Cell wall fortification pathways are highly responsive to Pg attack

To inspect the real contribution of genes selected from the co-regulation network, which present a crucial role of callose deposition in the immunity response of barley to Pg attack, aniline blue staining was used. This specific staining allows the visualization of callose through fluorescence microscopy. In resistant plants cultivated in liquid medium, the incline of the primary leaf tissue showed first callose deposition at 10 dpi. Then, the optimal callose deposition was detected at 14 dpi when a callose deposition core walled by a ring of callose plackets was apparent in the resistant plants. The shape and diameter of these depositions indicated a strong reaction of the underlying mesophyll plant cells against the fungal attack. Thereby, the accumulation of callose plackets formed connected callose patches in these challenged plants. However, very small callose depositions were observed in susceptible plants at 14 dpi. The quantification of callose depositions (CD) was performed by taking digital photographs under the fluorescence microscope UV filter and counting the number of blue pixels (callose intensity). Considering the same kinetics in resistant and susceptible plants, the CD counts in the susceptible plants at 14 dpi were limited to 12.7 %, whereas, in resistant plants, the CDs phenomenally increased up to 63.4 % (Fig. 8a).
Fig. 8

Elevated callose deposition in resistant genotype prevents Pg fungal growth but not susceptible genotype. Tests were performed at 14 dpi. a Leaves were stained with aniline blue to visualize callose deposition by blue fluorescence using florescence microscopy (upper panel). Relative fluorescence intensity emitted by aniline blue-stained callose depositions (CD) was calculated (lower panel) on photographs taken under UV filter. The average of 10 tissue samples of each category is presented as a percentage. Scale bar = 20 μm. Samples with mycelium and second hyphae (or control tissues) were also washed off, stained by trypan blue and passed on optical microscope to visualize the presence of fungus. b Quantification of fungal Pg DNA presence in roots and shoots of resistant and susceptible plants inoculated in liquid culture for 10 days was performed using qPCR. Student’s t test was applied and asterisks indicate a statistical difference at P < 0.001 on each sample mean. The error bars correspond to the 95 % confidence interval calculated from the test

Trypan blue-stained leaves were also microscopically analyzed on the same time frame (14 dpi) to investigate the density of hyphal growth. At 14 dpi, Pg fungus started to form a dense hyphal network in susceptible plants. Per contra, the quasi-absence of hyphal network in resistant leaf tissues was dominant in the whole surface of the first leaf (flag) (Fig. 8a). This may indicate that an active resistance reaction was initiated during infection with Pg. This was accompanied with a significant inhibition of fungal mycelium progressive growth starting at 14 dpi, which was confirmed on shoots and roots of resistant plants by qPCR to reach a relatively low growth percentage of only 9.7 ± 2.1 and 22.4 ± 0.7 %, respectively. In contrast, the fungal hypha largely spread in leaf tissues of susceptible genotype and reached 91.3 ± 1.3 and 38.2 ± 2.2 % in shoots and roots, respectively (Fig. 8b).
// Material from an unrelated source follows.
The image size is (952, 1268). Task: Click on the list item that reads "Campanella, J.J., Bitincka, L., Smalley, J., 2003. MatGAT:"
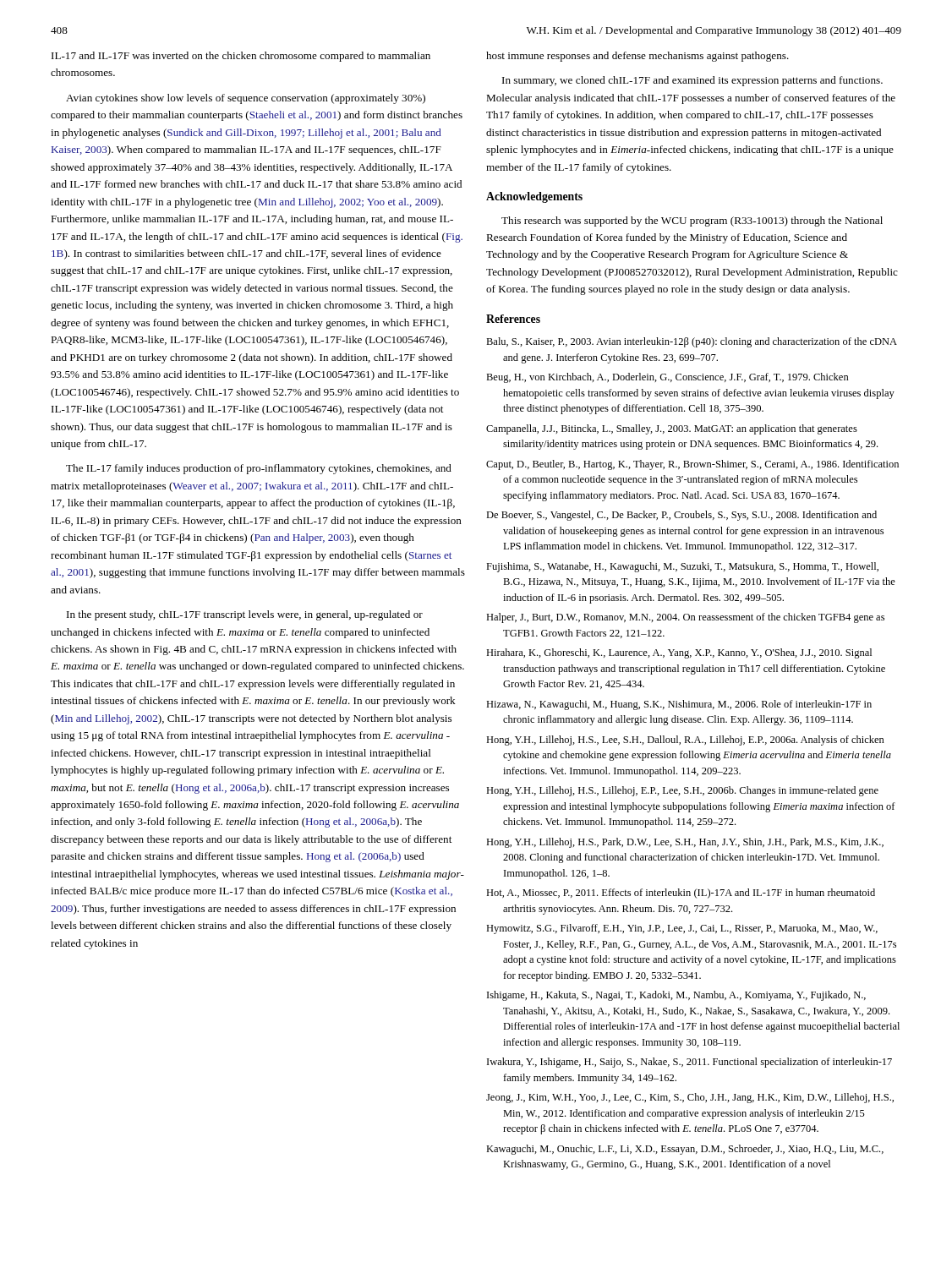tap(682, 436)

Expression and phylogenetic analysis of callose deposition-related genes

The expression levels of all barley genes potentially involved in callose deposition, were evaluated in both shoot and root tissues of both barley genotypes, by qPCR. Sequences of 30 database available genes were grouped in five gene families (HvGSLs, HvCSLAs, HvGTs, HvCesAs and HvCsIFs). The data regarding the HvGSLs gene family indicated that the expression of HvGSL1 (also selected in our DDRT-PCR screen under the name HvPg54) and HvGSL4 was remarkably increased in shoots of resistant plants after Pg infection to reach 12.9 and 8.2 folds respectively. Whereas, the upregulation expression levels of HvGSL2, HvGSL3, HvGSL5, HvGSL6 and HvGSL7 were not significant after 14 dpi (ranged between 0.1 and 2 fold). Moreover, HvGSL1 and HvGSL4 showed significant induction in roots too (4.1 and 5.3 folds respectively). Concerning the second family HvCSLAs, only HvCSLA6 was clearly upregulated in shoots of resistant plants (7.8 folds) compared to control, with a small significant induction in roots (2.2 folds). Only one member of the third gene family, the HvGTs, showed a significant upregulation (3.8 folds) in shoots of resistant plants and that gene is HvGT43. As for the other gene families, only HvCsIF7 and HvCesA3 were significantly upregulated in shoots of the resistant plants (3.9 and 9.1 folds respectively) and only HvCesA2 was upregulated (4.0 folds) in roots without significant expression in shoots (Fig. 9). The phylogenetic analysis of all genes that were subjected to the gene expression study has demonstrated the apparent grouping and homology between members of same family but divergence between gene families. This may indicate the synergetic participation of genes (HvGSL1, HvGSL4, HvCSLA6, HvGT43, HvCsIF7 and HvCesA3) involved in the deposition of callose after Pg infection (Fig. 9). HvGSL1 was the most importantly upregulated gene in both parts of the resistant plants suggesting its crucial involvement in the induced phenomena.
Fig. 9

Expression levels of callose deposition related gene families after inoculation with Pg fungus. Phylogenetic relatedness of the barley callose synthase, cellulose synthase and related gene families to callose formation: HvGSLs, HvCSLAs, HvGTs, HvCesAs and HvCsIFs including Hv-Pg54. Phylogenetic tree was generated with the clustalX program and is based on nucleic acid sequences. The relative gene expression of transcripts of all genes from the five gene families was analyzed using comparative Ct method in roots and shoots of resistant and susceptible inoculated plants at 10 dpi. The error bars correspond to the calculated 95 % confidence interval

Discussion

Plants developed different defense strategies to fight against pathogens. This involves complex mechanisms of interaction, which are divided in two types: PAMP-Triggered Immunity (PTI) and Effector-Triggered Immunity (ETI). PTI is the earliest response of plant under attack, when host receptors recognize the pathogen-derived PAMPs (Pathogen-Associated Molecular Pattern), whereas ETI is prompted by the interaction between a pathogenic effector and a ‘Resistance’ protein [22, 23]. The two immune systems result in a non-host resistance (considered as PTI), and partial or qualitative resistance (considered as ETI). In their most recent publications, Niks and Marcel [24, 25] may explain the partial resistance phenomenon by the variation in the capacity of pathogen effectors to suppress PTI. In cereal crops, the barley-Pg (barley leaf stripe) is an intriguing pathosystem of PTI reaction.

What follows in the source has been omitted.